For decades, OT modernization was seen as an oxymoron—manufacturing environments ran on antiquated, expensive, and revenue-critical systems that followed a “don’t fix what isn’t broken” philosophy. As a result, these environments were left untouched for years.
Today, however, they’re prime targets for hackers and can no longer be ignored. The benefits of OT automation, modernization, and IT/OT convergence are undeniable: greater efficiency, agility, and connectivity. Yet, this very transformation has also widened the attack surface, with ransomware halting production, stolen credentials altering configurations, and breaches causing financial and reputational harm.
Geopolitical instability is further disrupting OT supply chains and driving organizations to accelerate AI adoption to strengthen resilience, optimize operations, and reduce costs. But while AI offers efficiency and agility, it also introduces new cyber risks, from data exposure to model manipulation and increased attack surfaces.
The reality is that to safeguard revenue, operations, and even lives, organizations must prioritize OT security with identity at its core. In OT, identity equals control, and protecting it is the key to both resilience and security in a rapidly evolving threat landscape.
To translate this into action, organizations need a structured path forward that goes beyond point solutions or reactive defenses. That path is the OT Security Blueprint: a phased, identity-centric framework that balances modernization with resilience. Instead of treating OT as a static environment or a siloed extension of IT, this blueprint acknowledges the dynamic mix of human operators, machines, non-human identities (NHIs), and AI-driven agents that keep production running.
The blueprint is designed to help enterprises continuously assess, adapt, and harden their OT environments without slowing down operations. By aligning security with how manufacturing actually functions, rather than how IT policies are traditionally written, organizations can safeguard productivity, revenue, and safety while laying the foundation for future innovation.

Phase 1: Listen & Learn
The goal: Partner with OT and engineering teams to understand real operational needs and ensure security enhances—not hinders—production.

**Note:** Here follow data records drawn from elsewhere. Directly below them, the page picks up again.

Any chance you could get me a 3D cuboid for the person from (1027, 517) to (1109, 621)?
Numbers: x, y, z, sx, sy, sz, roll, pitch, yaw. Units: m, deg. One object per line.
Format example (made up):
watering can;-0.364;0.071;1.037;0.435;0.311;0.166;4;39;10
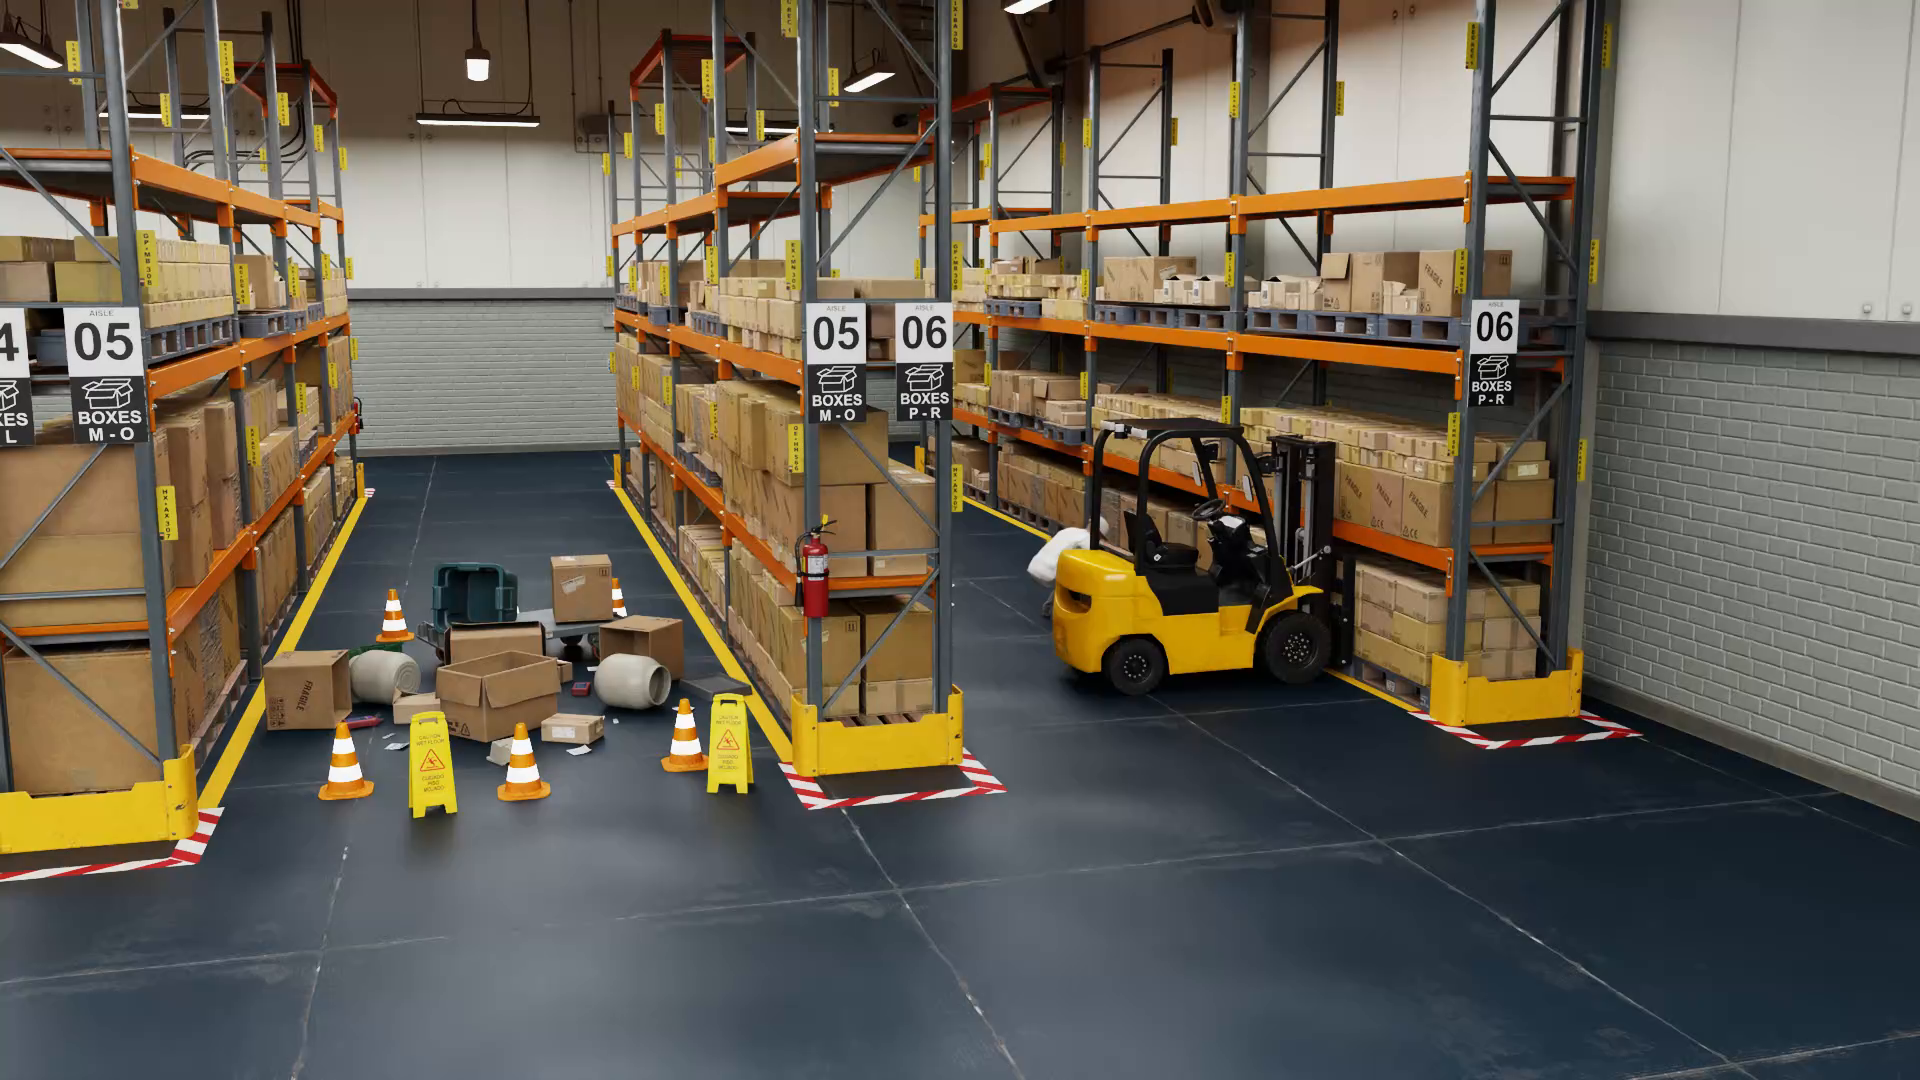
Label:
person;1.111;0.273;16.537;0.887;0.999;0.589;-3;10;-16
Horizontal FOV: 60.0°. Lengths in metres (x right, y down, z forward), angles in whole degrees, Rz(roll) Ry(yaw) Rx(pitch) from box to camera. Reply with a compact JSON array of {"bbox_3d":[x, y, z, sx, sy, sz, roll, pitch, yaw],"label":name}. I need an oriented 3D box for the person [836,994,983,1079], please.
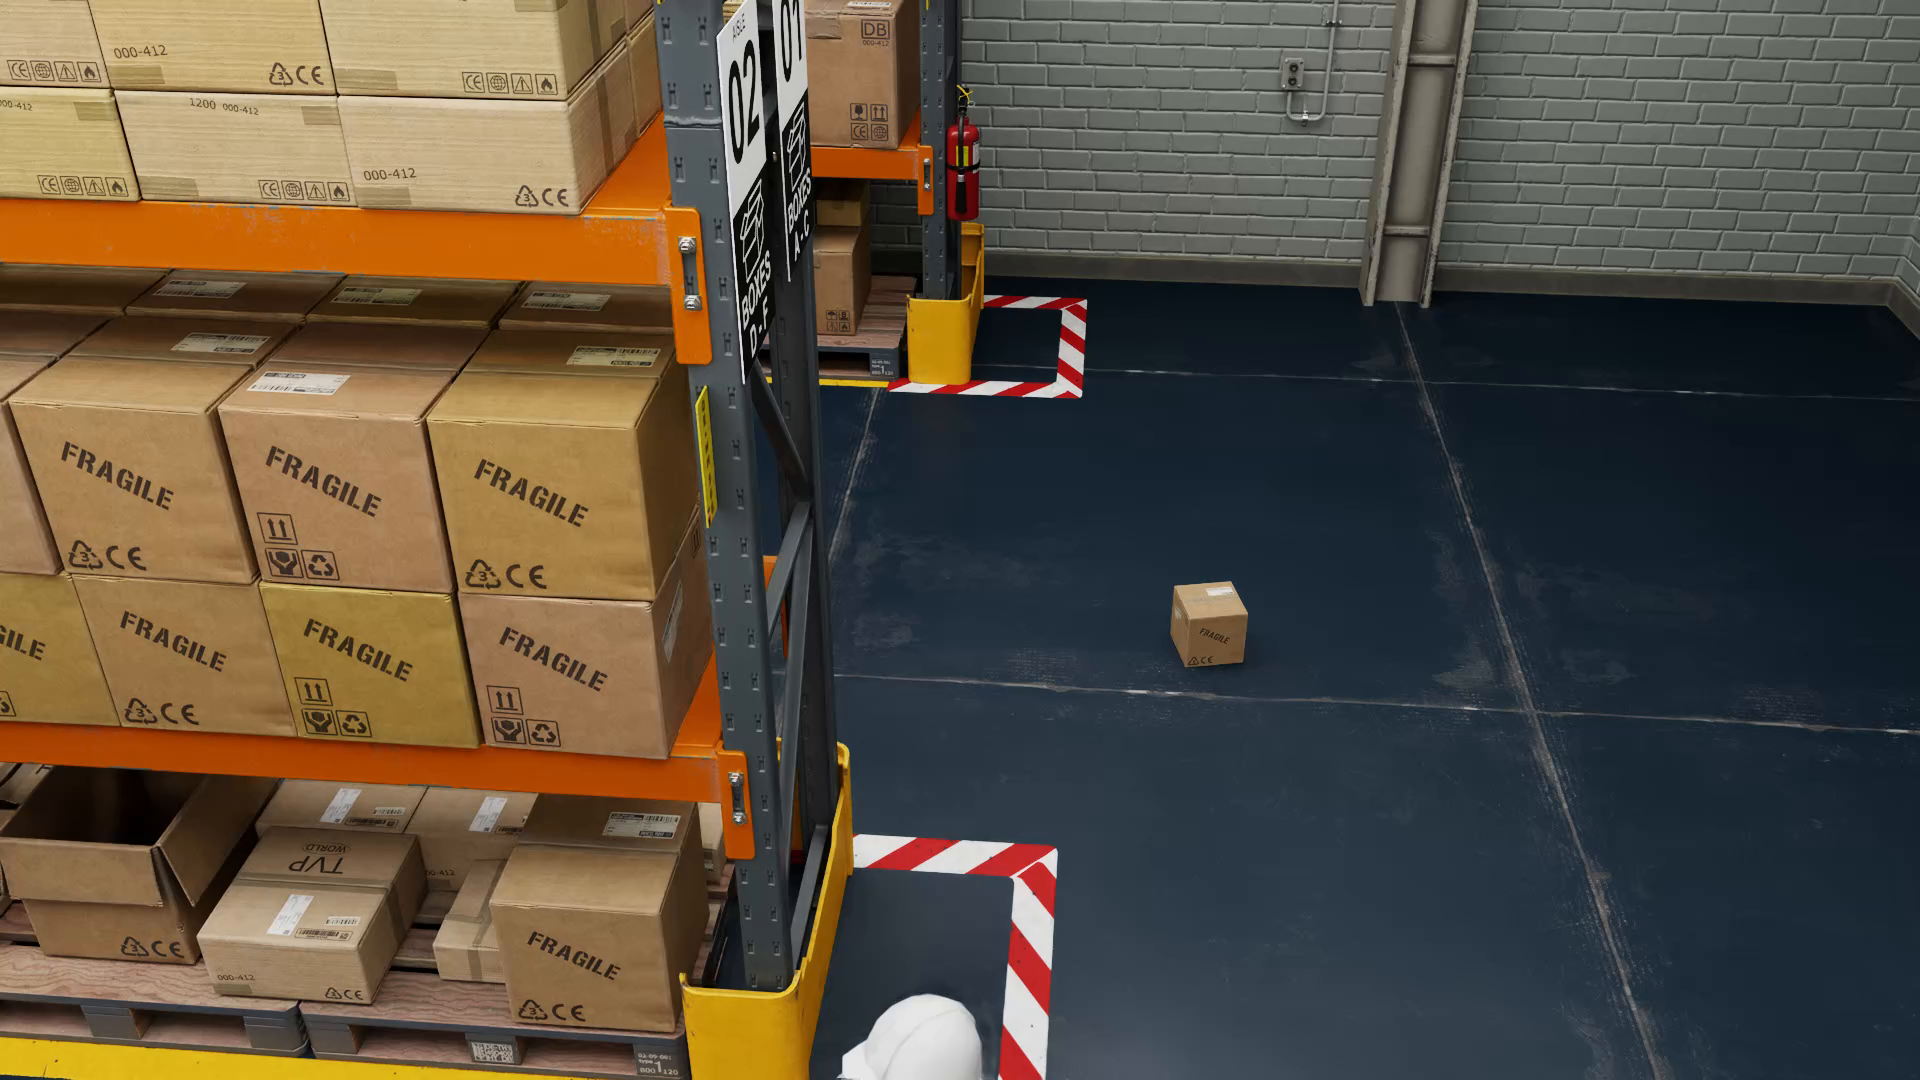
[{"bbox_3d":[-0.103,1.647,3.417,0.615,1.758,0.864,22,38,31],"label":"person"}]

Engage the OT or Manufacturing Engineering teams and start listening and learning how manufacturing really operates (so don’t rely on theoretical PowerPoint views!). Manufacturing is not like corporate; these environments contain home-grown glueware, specialty purpose-unique devices and processes optimized to ensure successful production. It sounds simple, but this phase is about building relationships, which is truly foundational to the success of the entire Blueprint. A smart security professional will engage, listen, internalize the information—and then begin discussing how security can improve manufacturing efficiencies and reduce security risks.
Phase 2: Identity & Identify
The goal: Establish visibility and governance over every connection, device, and identity — human, non-human, and AI — to create a foundation of trust.
- Start the OT security blueprint by continuously identifying and monitoring all network connectivity (in and out), devices, data, applications and identities.
- Establish manufacturing human and non-human identity (this includes AI) account policies that make sense for the environment.
- Adopt account lifecycle and attestation expectations for all accounts to ensure non-human and human accounts exist for legitimate purposes.
- Track the purpose and ownership for each identity: domain, local, application, human, non-human, and AI identities.
- Establish NHI practices that factor in growing AI demands; limit or eliminate NHI interactive logons, ring-fence these identities and ensure every NHI has an owner tied to an asset and purpose.
- Secure in-place all local accounts that cannot be moved to a central repository.
- Align privileged access practices with business requirements, striking a balance between efficiency and security; if it is too difficult, the policy will be circumvented.
- Use strong authentication methods (MFA, certificates, tokens) and Just-in-time strategies (JIT) for remote and privileged access.
Phase 3: Watch & Respond
The goal: Integrate OT into enterprise monitoring and response to detect anomalies quickly and contain threats before they disrupt operations.
- Simplify and standardize response plans by integrating OT into existing enterprise IT & Security monitoring and response programs.
- Baseline normal human, NHI and AI behavior and flag any anomalies (e.g., an AI maintenance agent accessing systems outside its role).
- Develop OT-specific response playbooks (e.g., ransomware and rogue AI agent containment) and coordinated IT/OT response actions.
- Centralize remote access solutions and practices BUT give designated local manufacturing personnel the ability to enable this access quickly while enforcing destination and time-bound access.
- Conduct lessons-learned tabletop exercises to refine defenses and improve resilience (human, NHIs, AI failure modes and threat misclassification).
Phase 4: Rinse & Repeat
The goal: Continuously refine identity and security practices to keep pace with evolving OT environments, pressures, and risks.
- Optimize the identity strategy and be responsive to the changing OT environments and pressures.
- Ensure OT teams are full partners in security decisions to limit “security surprises”.
Summary
The OT security blueprint offers a practical, phased approach that empowers security and engineering teams to work in partnership, rather than in silos. By embedding identity at the core, organizations can transform OT security from a patchwork of stopgaps into a living strategy that evolves with technology, threats, and business needs. The result is, naturally, better protection—but it’s also greater operational agility, sustained revenue, and a foundation strong enough to withstand the next wave of disruption.